Вразумление, самосотворение и биография (Горелов) - страница 74


***

Сегодня от Лены пришло еще письмо, оно было прямо знаковым, опять с Дедом Морозом, но в тамбуре он его не стал читать, а распечатал, прислонившись в техникумовском коридоре к теплой батарее. Письмо было очень душевное, но в начале Лена опять напоминала, что Анька – дура, и если что-то будет про нее говорить, то пусть он не верит. Лена сильно огорчалась, что их выпускной класс не берут на празднование 50-летия Победы, а так можно было бы встретиться и из розовой, стеклянной креманки поесть мороженого. Такой предмет у нее, похоже, как-то ассоциировался с балетом, а потому был очень желанным. Она с восторгом писала, что Анна Павлова оставила потомкам вкуснейший десерт под своим именем, а она, если что-то и будет завещать, так это супер-духи, пусть имя им будет Ленара. А главная ее мечта – сцена Большого Театра и главная партия в «Лебедином озере». И она собирается жить, учиться и трудиться так, что этот день придет. Ну а главное в письме было то, что на субботу, 27 мая, назначено вручение аттестатов, а потом выпускной, и она его приглашает. Поедет Анька, и он может тоже с ней. Вдруг, рядом с ним открылись двери аудитории, и появилась Анька, очень кстати. Она, конечно, знала, что он приглашен, и сразу вымогла 10 тысяч рублей – билет на автобус надо было брать заранее. Потом настырно пыталась заглядывать в письмо, и когда это не удалось, конечно, не сдержала эмоций:

– Ты, Паша, сильно не надейся. Я своими глазами в прошлом году видела, как Ленка целовалась в подъезде с одноклассником.
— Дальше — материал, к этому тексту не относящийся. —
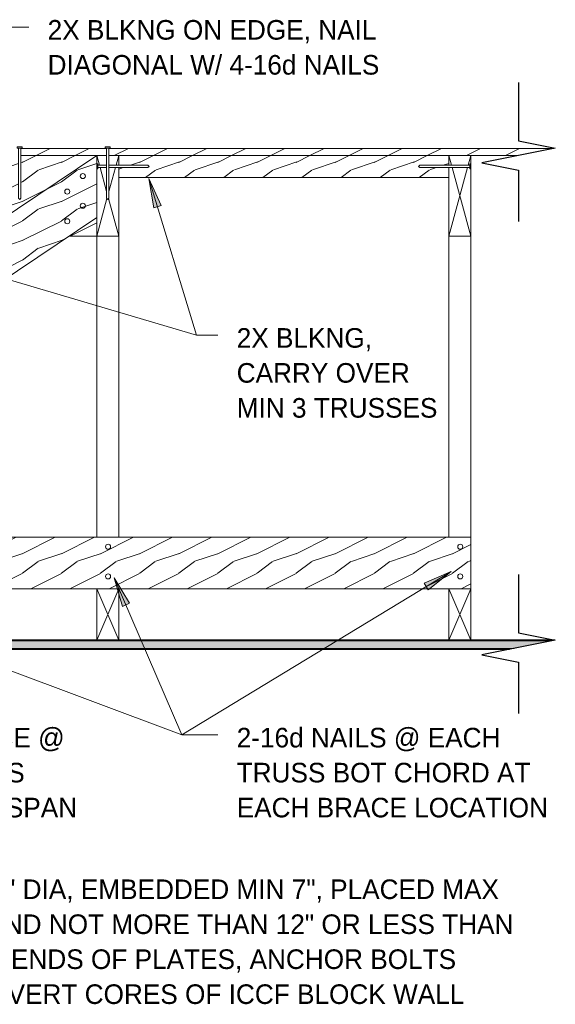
# Model space of a CAD drawing. Header units: inches. Extents: x 263 to 1771, y -57 to 386.
# Tile 24 of 27: x 1372 to 1409, y 71 to 138. Entities that reach past the tile are written whole.
import ezdxf

# ---------------------------------------------------------------- set-up
doc = ezdxf.new("R2010")
doc.units = ezdxf.units.IN
doc.header["$MEASUREMENT"] = 0
for name, color, linetype, lineweight in [('A-ANNO-TEXT', 2, 'Continuous', 9), ('A-DETL-GENF', 3, 'Continuous', 9), ('A-DETL-LLIN', 3, 'Continuous', 9)]:
    doc.layers.add(name, color=color, linetype=linetype, lineweight=lineweight)
pattern_1 = [(216.87, (1235.001, 2.666), (7.9965905, 5.3312143), [1.333, -11.995]), (206.565, (1236.601, 1.866), (-2.6653954, -2.6653906), [2.98, -2.98]), (198.435, (1236.601, 0.533), (-5.3315978, -2.6658048), [1.686, -6.743])]

# ---------------------------------------------------------------- blocks, each defined once
blk = doc.blocks.new('Dimension Lumbe_ CORE ICCF5')
at = {"layer": 'A-DETL-GENF'}
for p, q in [((1.5, 0), (0, -3.5)), ((0, 0), (1.5, -3.5)), ((0, -3.5), (0, 0)), ((0, 0), (1.5, 0)), ((1.5, 0), (1.5, -3.5))]:
    blk.add_line(p, q, dxfattribs=at)
blk = doc.blocks.new('Dimension Lumbe_ CORE ICCF7')
at = {"layer": 'A-DETL-GENF'}
for p, q in [((0, 0), (0.669, 0)), ((0, 0), (0.182, -0.669)), ((0.831, 0), (1.5, 0)), ((1.5, 0), (1.318, -0.669)), ((1.5, 0), (1.5, -0.669)), ((0.227, -0.831), (0.669, -2.453)), ((1.273, -0.831), (0.831, -2.453)), ((1.5, -0.831), (1.5, -5.5)), ((0.698, -2.941), (0, -5.5)), ((0.802, -2.941), (1.5, -5.5)), ((0, -5.5), (0, -4.217)), ((1.5, -5.5), (0, -5.5))]:
    blk.add_line(p, q, dxfattribs=at)
blk = doc.blocks.new('Common Wood Nai_ CORE ICCF4')
at = {"layer": 'A-DETL-GENF'}
for p, q in [((0, 0.1715), (-0.083, 0.1715)), ((0, 0.081), (0, 0.1715)), ((0.586, 0.081), (0, 0.081)), ((0, -0.081), (0, 0.081)), ((3.409, 0.081), (0.748, 0.081)), ((3.5, 0), (3.409, 0.081)), ((3.409, -0.081), (3.5, 0)), ((-0.083, -0.1715), (0, -0.1715)), ((0, -0.1715), (0, -0.081)), ((0, -0.081), (0.586, -0.081)), ((0.748, -0.081), (3.409, -0.081))]:
    blk.add_line(p, q, dxfattribs=at)
blk = doc.blocks.new('Common Wood Nai_ CORE ICCF2')
at = {"layer": 'A-DETL-GENF'}
for p, q in [((0, 0.1715), (-0.083, 0.1715)), ((-0.083, 0.1715), (-0.083, -0.1715)), ((0, 0.081), (0, 0.1715)), ((3.409, 0.081), (0, 0.081)), ((0, -0.081), (0, 0.081)), ((3.5, 0), (3.409, 0.081)), ((3.409, -0.081), (3.5, 0)), ((-0.083, -0.1715), (0, -0.1715)), ((0, -0.1715), (0, -0.081)), ((0, -0.081), (3.409, -0.081))]:
    blk.add_line(p, q, dxfattribs=at)
blk = doc.blocks.new('Dimension Lumbe_ CORE ICCF8')
at = {"layer": 'A-DETL-GENF'}
for p, q in [((0, -0.669), (0, 0)), ((0, 0), (0.182, -0.669)), ((0, 0), (1.5, 0)), ((1.5, 0), (1.318, -0.669)), ((1.5, 0), (1.5, -0.578)), ((0, -5.5), (0, -0.831)), ((1.273, -0.831), (0, -5.5)), ((0.227, -0.831), (1.5, -5.5)), ((1.5, -0.921), (1.5, -5.5)), ((1.5, -5.5), (0, -5.5))]:
    blk.add_line(p, q, dxfattribs=at)
blk = doc.blocks.new('Common Wood Nai_ CORE ICCF6')
at = {"layer": 'A-DETL-GENF'}
for p, q in [((0, 0.1715), (-0.083, 0.1715)), ((-0.083, 0.1715), (-0.083, -0.1715)), ((0, 0.081), (0, 0.1715)), ((3.409, 0.081), (0, 0.081)), ((0, 0.081), (0, -0.081)), ((3.5, 0), (3.409, 0.081)), ((3.409, -0.081), (3.5, 0)), ((-0.083, -0.1715), (0, -0.1715)), ((0, -0.1715), (0, -0.081)), ((0, -0.081), (3.409, -0.081))]:
    blk.add_line(p, q, dxfattribs=at)
blk = doc.blocks.new('Gypsum Wallboar_ CORE ICCF3')
at = {"layer": 'A-DETL-GENF'}
h = blk.add_hatch(dxfattribs=at)
h.set_pattern_fill('FP8_32', color=256, style=0, pattern_type=2)
h.set_pattern_definition([(180, (1244.935, 5.997), (-2.56, -0.64), [0.211, -1.709, 0.211, -1.709, -10.24]), (180, (1244.935, 5.997), (-2.56, -0.64), [-3.84, 0.211, -3.629, 0.211, -1.709, -4.48]), (180, (1244.935, 5.997), (-2.56, -0.64), [-9.6, 0.211, -1.069, 0.211, -2.989]), (300, (1243.975, 5.677), (1.83425626, -1.89702503), [0.211, -1.709, 0.211, -1.709, -10.24]), (300, (1243.975, 5.677), (1.83425626, -1.89702503), [-3.84, 0.211, -3.629, 0.211, -1.709, -4.48]), (300, (1243.975, 5.677), (1.83425626, -1.89702503), [-9.6, 0.211, -1.069, 0.211, -2.989]), (60, (1243.655, 4.397), (0.72574374, 2.53702503), [0.211, -1.709, 0.211, -1.709, -10.24]), (60, (1243.655, 4.397), (0.72574374, 2.53702503), [-3.84, 0.211, -3.629, 0.211, -1.709, -4.48]), (60, (1243.655, 4.397), (0.72574374, 2.53702503), [-9.6, 0.211, -1.069, 0.211, -2.989])])
h.paths.add_polyline_path([(71.90625, 0), (71.90625, 0.625), (4.1875, 0.625), (1.0625, 0)], flags=0)
at = {"layer": 'A-DETL-GENF', "lineweight": 30}
for p, q in [((1.0625, 0), (71.90625, 0)), ((71.90625, 0.625), (4.1875, 0.625)), ((71.90625, 0), (71.90625, 0.625))]:
    blk.add_line(p, q, dxfattribs=at)
at = {"layer": 'A-DETL-GENF'}
for p, q in [((1.375, 0.0625), (71.90625, 0.0625)), ((3.875, 0.5625), (71.90625, 0.5625))]:
    blk.add_line(p, q, dxfattribs=at)
blk = doc.blocks.new('Break Line8 - B_ CORE ICCF0')
at = {"layer": 'A-DETL-GENF', "lineweight": 30}
for p, q in [((-1, 0), (-0.5, 2.5)), ((-0.5, 2.5), (0.5, -2.5)), ((-4.974, 0), (-1, 0)), ((0.5, -2.5), (1, 0)), ((1, 0), (4.494, 0))]:
    blk.add_line(p, q, dxfattribs=at)

msp = doc.modelspace()

# ---------------------------------------------------------------- hatches: boundary and pattern name
at = {"layer": 'A-ANNO-TEXT'}
for points in [[(1381.49781808, 125.39037062), (1382.00171799, 125.54335089), (1381.16876779, 127.38061067)], [(1399.92454127, 99.81278156), (1400.19752864, 99.36245281), (1401.77132816, 100.62438965)], [(1379.36202996, 98.24311108), (1379.84588921, 98.4509531), (1378.81460113, 100.18467004)]]:
    msp.add_hatch(color=7, dxfattribs=at).paths.add_polyline_path(points, flags=0)
at = {"layer": 'A-DETL-GENF'}
h = msp.add_hatch(dxfattribs=at)
h.set_pattern_fill('FP8_27', style=0, pattern_type=2)
h.set_pattern_definition(pattern_1)
h.paths.add_polyline_path([(1378.28490377, 128.94787118), (1378.28490377, 129.4292148), (1372.44690377, 129.4292148), (1372.44690377, 128.94787118)], flags=0)
h = msp.add_hatch(dxfattribs=at)
h.set_pattern_fill('FP8_27', style=0, pattern_type=2)
h.set_pattern_definition(pattern_1)
h.paths.add_polyline_path([(1378.44690377, 129.4292148), (1378.44690377, 128.94787118), (1406.36590377, 128.94787118), (1408.77262189, 129.4292148)], flags=0)
h = msp.add_hatch(dxfattribs=at)
h.set_pattern_fill('FP8_27', style=0, pattern_type=2)
h.set_pattern_definition(pattern_1)
h.paths.add_polyline_path([(1377.61590377, 128.94787118), (1331.11590377, 97.69787118), (1331.11590377, 96.86390497), (1331.4614174, 96.86390497), (1331.9614174, 97.36390497), (1332.13551477, 97.36390497), (1332.13551477, 97.64579042), (1332.61815252, 97.58652996), (1332.61815252, 97.26967985), (1333.0239274, 96.86390497), (1333.9926774, 96.86390497), (1333.9926774, 97.36390497), (1334.6489274, 97.36390497), (1335.14665637, 96.866176), (1335.5551774, 96.866176), (1335.5551774, 96.46431053), (1377.61590377, 124.73092772)], flags=0)
h = msp.add_hatch(dxfattribs=at)
h.set_pattern_fill('FP8_27', style=0, pattern_type=2)
h.set_pattern_definition(pattern_1)
h.paths.add_polyline_path([(1355.11590377, 128.94787118), (1355.11590377, 123.44787118), (1369.43190377, 123.44787118), (1377.61590377, 128.94787118), (1372.44690377, 128.94787118), (1372.44690377, 126.03887118), (1372.36590377, 125.94787118), (1372.28490377, 126.03887118), (1372.28490377, 128.94787118), (1366.44690377, 128.94787118), (1366.44690377, 126.03887118), (1366.36590377, 125.94787118), (1366.28490377, 126.03887118), (1366.28490377, 128.94787118), (1360.44690377, 128.94787118), (1360.44690377, 126.03887118), (1360.36590377, 125.94787118), (1360.28490377, 126.03887118), (1360.28490377, 128.94787118)], flags=0)
h = msp.add_hatch(dxfattribs=at)
h.set_pattern_fill('FP8_27', style=0, pattern_type=2)
h.set_pattern_definition(pattern_1)
h.paths.add_polyline_path([(1401.61590377, 128.94787118), (1379.11590377, 128.94787118), (1379.11590377, 128.27887118), (1381.10790377, 128.27887118), (1381.19890377, 128.19787118), (1381.10790377, 128.11687118), (1379.11590377, 128.11687118), (1379.11590377, 127.44787118), (1401.61590377, 127.44787118), (1401.61590377, 128.11687118), (1399.62390377, 128.11687118), (1399.53290377, 128.19787118), (1399.62390377, 128.27887118), (1401.61590377, 128.27887118)], flags=0)
h = msp.add_hatch(dxfattribs=at)
h.set_pattern_fill('FP8_27', style=0, pattern_type=2)
h.set_pattern_definition(pattern_1)
h.paths.add_polyline_path([(1377.61590377, 124.73092772), (1375.70671564, 123.44787118), (1377.61590377, 123.44787118)], flags=0)
h = msp.add_hatch(dxfattribs=at)
h.set_pattern_fill('FP8_27', style=0, pattern_type=2)
h.set_pattern_definition(pattern_1)
h.paths.add_polyline_path([(1403.11590377, 99.44787118), (1403.11590377, 102.94787118), (1345.20271564, 102.94787118), (1339.99471564, 99.44787118)], flags=0)

# ---------------------------------------------------------------- linework, layer by layer
at = {"layer": 'A-ANNO-TEXT', "color": 7}
for p, q in [((1368.8709145, 137.68706727), (1372.99053396, 137.68706727)), ((1347.84195129, 127.53050226), (1384.40839292, 116.70964734)), ((1382.00171799, 125.54335089), (1381.16876779, 127.38061067)), ((1381.16876779, 127.38061067), (1381.49781808, 125.39037062)), ((1381.16876779, 127.38061067), (1384.40839292, 116.70964734)), ((1381.49781808, 125.39037062), (1382.00171799, 125.54335089)), ((1384.40839292, 116.70964734), (1385.87348074, 116.70964734)), ((1384.40839292, 116.70964734), (1385.87348074, 116.70964734)), ((1401.77132816, 100.62438965), (1383.40750665, 89.49231923)), ((1401.77132816, 100.62438965), (1399.92454127, 99.81278156)), ((1400.19752864, 99.36245281), (1401.77132816, 100.62438965)), ((1354.67216282, 100.25497982), (1383.40750665, 89.49231923)), ((1379.84588921, 98.4509531), (1378.81460113, 100.18467004)), ((1378.81460113, 100.18467004), (1379.36202996, 98.24311108)), ((1378.81460113, 100.18467004), (1383.40750665, 89.49231923)), ((1399.92454127, 99.81278156), (1400.19752864, 99.36245281)), ((1379.36202996, 98.24311108), (1379.84588921, 98.4509531)), ((1383.40750665, 89.49231923), (1385.87348074, 89.49231923)), ((1383.40750665, 89.49231923), (1385.87348074, 89.49231923)), ((1383.40750665, 89.49231923), (1385.87348074, 89.49231923))]:
    msp.add_line(p, q, dxfattribs=at)
at = {"layer": 'A-DETL-LLIN'}
for p, q in [((1378.28490377, 129.4292148), (1372.44690377, 129.4292148)), ((1408.77262189, 129.4292148), (1378.44690377, 129.4292148)), ((1377.61590377, 128.94787118), (1331.11590377, 97.69787118)), ((1372.44690377, 128.94787118), (1378.28490377, 128.94787118)), ((1377.61590377, 124.73092772), (1377.61590377, 128.94787118)), ((1378.44690377, 128.94787118), (1406.36590377, 128.94787118)), ((1379.11590377, 128.94787118), (1379.11590377, 128.27887118)), ((1379.11590377, 128.27887118), (1379.11590377, 128.94787118)), ((1401.61590377, 128.27887118), (1401.61590377, 128.94787118)), ((1401.61590377, 128.94787118), (1401.61590377, 128.27887118)), ((1379.11590377, 128.11687118), (1379.11590377, 127.44787118)), ((1379.11590377, 127.44787118), (1379.11590377, 128.11687118)), ((1401.61590377, 127.44787118), (1401.61590377, 128.11687118)), ((1401.61590377, 128.11687118), (1401.61590377, 127.44787118)), ((1379.11590377, 127.44787118), (1401.61590377, 127.44787118)), ((1401.61590377, 127.44787118), (1379.11590377, 127.44787118)), ((1335.5551774, 96.46431053), (1377.61590377, 124.73092772)), ((1377.61590377, 123.44787118), (1377.61590377, 124.73092772)), ((1377.61590377, 124.73092772), (1377.61590377, 123.69787118)), ((1375.70671564, 123.44787118), (1377.61590377, 123.44787118)), ((1377.61590377, 123.44787118), (1375.70671564, 123.44787118)), ((1377.61590377, 102.94787118), (1377.61590377, 123.69787118)), ((1379.11590377, 123.69787118), (1379.11590377, 102.94787118)), ((1401.61590377, 102.94787118), (1401.61590377, 123.69787118)), ((1403.11590377, 123.69787118), (1403.11590377, 102.94787118)), ((1403.11590377, 102.94787118), (1345.20271564, 102.94787118)), ((1403.11590377, 99.44787118), (1403.11590377, 102.94787118)), ((1339.99471564, 99.44787118), (1403.11590377, 99.44787118)), ((1353.61590377, 99.44787118), (1377.61590377, 99.44787118)), ((1355.11590377, 99.44787118), (1377.61590377, 99.44787118)), ((1377.61590377, 99.44787118), (1377.61590377, 95.94787118)), ((1379.11590377, 99.44787118), (1377.61590377, 99.44787118)), ((1377.61590377, 99.44787118), (1401.61590377, 99.44787118)), ((1379.11590377, 99.44787118), (1401.61590377, 99.44787118)), ((1401.61590377, 99.44787118), (1401.61590377, 95.94787118))]:
    msp.add_line(p, q, dxfattribs=at)
for centre in [(1376.66937553, 127.54378308), (1375.60871536, 126.48312291), (1376.66937553, 125.5232261), (1375.60871536, 124.46256593), (1378.38869153, 102.30435152), (1402.38869153, 102.30435152), (1378.38869153, 100.28379454), (1402.38869153, 100.28379454)]:
    msp.add_circle(centre, 0.1715, dxfattribs=at)

# ---------------------------------------------------------------- block references
at = {"layer": 'A-DETL-GENF'}
for name, p, rotation in [('Break Line8 - B_ CORE ICCF0', (1406.36590377, 128.94787118), 269.9999999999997), ('Common Wood Nai_ CORE ICCF2', (1372.36590377, 129.44787118), 269.9999999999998), ('Common Wood Nai_ CORE ICCF2', (1378.36590377, 129.44787118), 269.9999999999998), ('Common Wood Nai_ CORE ICCF6', (1403.03290377, 128.19787118), 180), ('Break Line8 - B_ CORE ICCF0', (1406.36590377, 95.44787118), 269.9999999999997), ('Gypsum Wallboar_ CORE ICCF3', (1409.92840377, 95.94787118), 180)]:
    msp.add_blockref(name, p, dxfattribs=dict(at, rotation=rotation))
for name, p in [('Dimension Lumbe_ CORE ICCF7', (1377.61590377, 128.94787118)), ('Dimension Lumbe_ CORE ICCF8', (1401.61590377, 128.94787118)), ('Common Wood Nai_ CORE ICCF4', (1377.69890377, 128.19787118)), ('Dimension Lumbe_ CORE ICCF5', (1377.61590377, 99.44787118)), ('Dimension Lumbe_ CORE ICCF5', (1401.61590377, 99.44787118))]:
    msp.add_blockref(name, p, dxfattribs=at)

# ---------------------------------------------------------------- texts
at = {"layer": 'A-ANNO-TEXT', "color": 7, "char_height": 1.3341121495, "attachment_point": 1, "line_spacing_factor": 1.070803}
for s, insert, width in [('\\fStylus BT|b0|i0|c0|p34|;2X BLKNG ON EDGE, NAIL\\PDIAGONAL W/ 4-16d NAILS', (1374.27053396, 138.16641751), 28.602), ('\\fStylus BT|b0|i0|c0|p34|;2X BLKNG,\\PCARRY OVER\\PMIN 3 TRUSSES', (1387.15348074, 117.18899758), 17.118), ('\\fStylus BT|b0|i0|c0|p34|;2X STRONGBACK BRACE @\\P8\'-0" O.C. WHERE TRUSS\\PDEPTH EXCEEDS 2\'-0". SPAN\\PMIN 3 TRUSSES', (1351.31519429, 89.97166947), 30.168), ('\\fStylus BT|b0|i0|c0|p34|;2-16d NAILS @ EACH\\PTRUSS BOT CHORD AT\\PEACH BRACE LOCATION', (1387.15348074, 89.97166947), 25.236), ('\\fStylus BT|b0|i0|c0|p34|;ANCHOR BOLT, MIN 1/2" DIA, EMBEDDED MIN 7", PLACED MAX\\PSPACING OF 36" O.C. AND NOT MORE THAN 12" OR LESS THAN\\P4" FROM CORNERS OR ENDS OF PLATES, ANCHOR BOLTS\\PSHALL BE LOCATED IN VERT CORES OF ICCF BLOCK WALL', (1351.31519429, 79.64967496), 68.346)]:
    msp.add_mtext(s, dxfattribs=dict(at, insert=insert, width=width))

doc.saveas('drawing.dxf')

Ее круглое личико светилось от восторга разоблачения, но уже дважды упрежденный Павлик не вздрогнул и не покачнулся. Анька скачками удалилась, а он пошел в библиотеку последний раз править список литературы, использованный в дипломе. Он и классиков марксизма-ленинизма туда включил, хоть этого и не требовалось. Паша решил – пусть будет. Он-то видел, что памятник так и стоит на площади, никуда не делся, и так же указывает рукой верную дорогу товарищам.

А товарищи готовили город к празднованию 50-летия Победы: скребли тротуары, переписывали ценники на лотках, умничали по поводу курса доллара и контрафактной водки. Федеральные каналы вещали и показывали, все шло определенным житейским порядком. Праздничное утро не порадовало ярким солнцем. Народ собрался у крыльца районной администрации, его было много всякого разного. Но речи в микрофон говорили примерно одинаковые типажи с авторитетными физиономиями и галстуками с толстыми узлами. Начали о жертвах, потом много вещали о народе-победителе, но больше – о перспективах, которые уже где-то и как-то видимы. Тут в толпе кто-то запел «Катюшу», люди раздвинулись, певцом оказался ветеран в подпитии. Он мало того, что пел, так еще и в пляс пустился, гремя медалями, одна из которых была «За отвагу», а две – за взятие городов: Берлина и Будапешта. Получалось не по регламенту, те, что с узлами на галстуках по-молодецки демонически улыбались, но когда еще и бабуля попыталась пойти в пляс, призвали к порядку. Речи о перспективах должны быть закончены, ибо всегда главное – смотреть в будущее, ведь сегодня – ничто, завтра – все! Жить ради будущего своих детей – главная тайна и оружие. Жить для себя – это непатриотично, постыдно и трусливо. С таким примерно смыслом глаголили те дяди, хозяева местных недр. Потом оформилась колонна и двинулась к вечному огню, в авангарде все те же, с толстыми узлами, несли длинные венки из веток елки, стянутых кумачовыми лентами. Колонна двигалась по улице Ленина. Заморосил мелкий дождь, он еще добавил хмурых оттенков всему вокруг, и без того серому. Конечно, это не была колонна пленных туземцев, но и победителей в ней трудно было разглядеть, если, конечно, не думать о перспективах. В людях просматривалось что-то еще не пришедшее, но уже неотвратимое.